Dependable automobiles and publicly funded highways presaged the possibility of long-distance motoring but only if a reliable wayfinding system of well-signed routes was established over a network of all-weather roads. Before the state and federal government took up this challenge, private highway associations were formed by local chambers of commerce and cadres of businessmen to name, sign, and coerce improvements on certain pet highways linking towns and regions that stood to benefit from the increase in traffic. To generate popular appeal, many of these roads were named after the great and heroic, like Lincoln Highway, Jefferson Highway, Lee Highway, and across northern Pennsylvania, the Roosevelt Highway. Populist Teddy Roosevelt died in 1919 at the height of the private auto trail rage and, therefore, was honored with more than his fair share of roads. Within a month of his death, the Theodore Roosevelt International Highway Association was founded to mark out a road from Portland, Maine, to Portland, Oregon. The transcontinental Midland Trail, laid out by American Automobile Association pathfinder A.L. Westgard in 1912, merged with a fledgling Roosevelt National Highway mapped across New York from Long Island to Buffalo to become the Roosevelt Midland Trail. None of these crossed Pennsylvania’s northern tier.
Pennsylvania’s Roosevelt Highway resulted from a 1923 state law that gave the power to name and number highways solely to the Pennsylvania Department of Highways (DOH). This was done to end the confusion caused by dozens of private highway associations that named, marked, and then often relocated routes passing through the state. In 1924, the DOH introduced a network of cross-state highways that included nine named routes. Some, like the Lincoln Highway across the southern part of Pennsylvania and the William Penn Highway farther north, legitimized preestablished names and routes. Others used names and routes designated by the DOH. The Roosevelt Highway, incorporating the old East-West Road between Matamoras and Erie, was named by newly elected governor Gifford Pinchot, whose family estate, Grey Towers, was in Milford.
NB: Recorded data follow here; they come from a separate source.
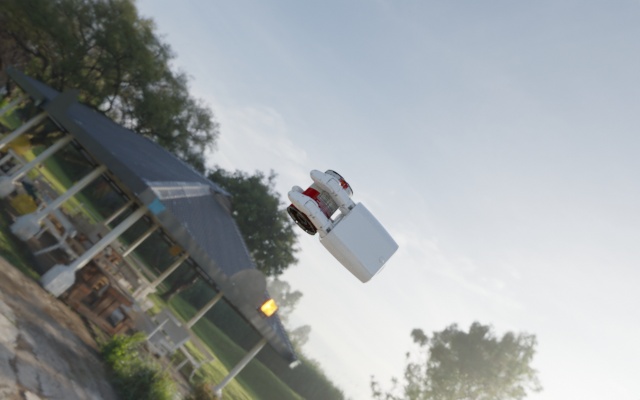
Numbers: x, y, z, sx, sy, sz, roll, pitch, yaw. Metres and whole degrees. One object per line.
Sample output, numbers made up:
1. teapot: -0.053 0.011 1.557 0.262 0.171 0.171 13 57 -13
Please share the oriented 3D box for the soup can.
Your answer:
1. soup can: 0.000 0.002 0.836 0.102 0.068 0.068 -44 16 -18

The name honored his friend, the late president under whom he served as the first director of the US Forest Service.
Pennsylvania’s named highways were simultaneously numbered using a DOH system where odd numbered roads ran east-west and even numbered roads north-south in the opposite direction of the national system adopted by the American Association of State Highway Officials (AASHO) in 1926. In Pennsylvania, the Lincoln Highway was State Route 1, the William Penn Highway was Route 3, the Lakes-to-Sea Highway was Route 5, and the Roosevelt Highway was Route 7. In the AASHO system of federal routes, US 30 was marked along Pennsylvania’s part of the Lincoln Highway and the William Penn Highway became synonymous with US 22. This national interstate system also had a US 6 that crossed southern New England from Provincetown, Massachusetts, at the tip of Cape Cod, to Brewster, New York. In 1928, US 6 was extended west across the Hudson River and over Pennsylvania’s Roosevelt Highway to Erie. The expense of double marking these highways with state and federal route shields caused the DOH to abandon its original numbering scheme in the 1930s. Federal Route 6 was extended west to Greeley, Colorado, in 1931 by rerouting it away from Erie and through Meadville. In 1937, US 6 was extended to Long Beach, California, creating the longest transcontinental highway in the federal route system until it was cut back to Bishop, California, in 1964.
A twist in the identity of Route 6 occurred with the 1932 founding of the US 6 Roosevelt Highway Association in Scranton, Pennsylvania. Unlike the earlier highway associations whose intent was to promote the building of long-distance automobile roads, this association emphasized travel and tourism on roads already built and actively being improved as a result of federal highway legislation in 1916 and 1921. Publicly funded roads were now assured and incorporated into a national system of numbered highways that hastened the demise of the auto trails associations and the fading of their nurtured routes, including the Theodore Roosevelt International Highway and the Roosevelt Midland Trail. In their absence, this new organization spread the identity of the Roosevelt Highway across the country with the western extensions of US 6 over an alignment that now crossed and, in fact, originated from northern Pennsylvania.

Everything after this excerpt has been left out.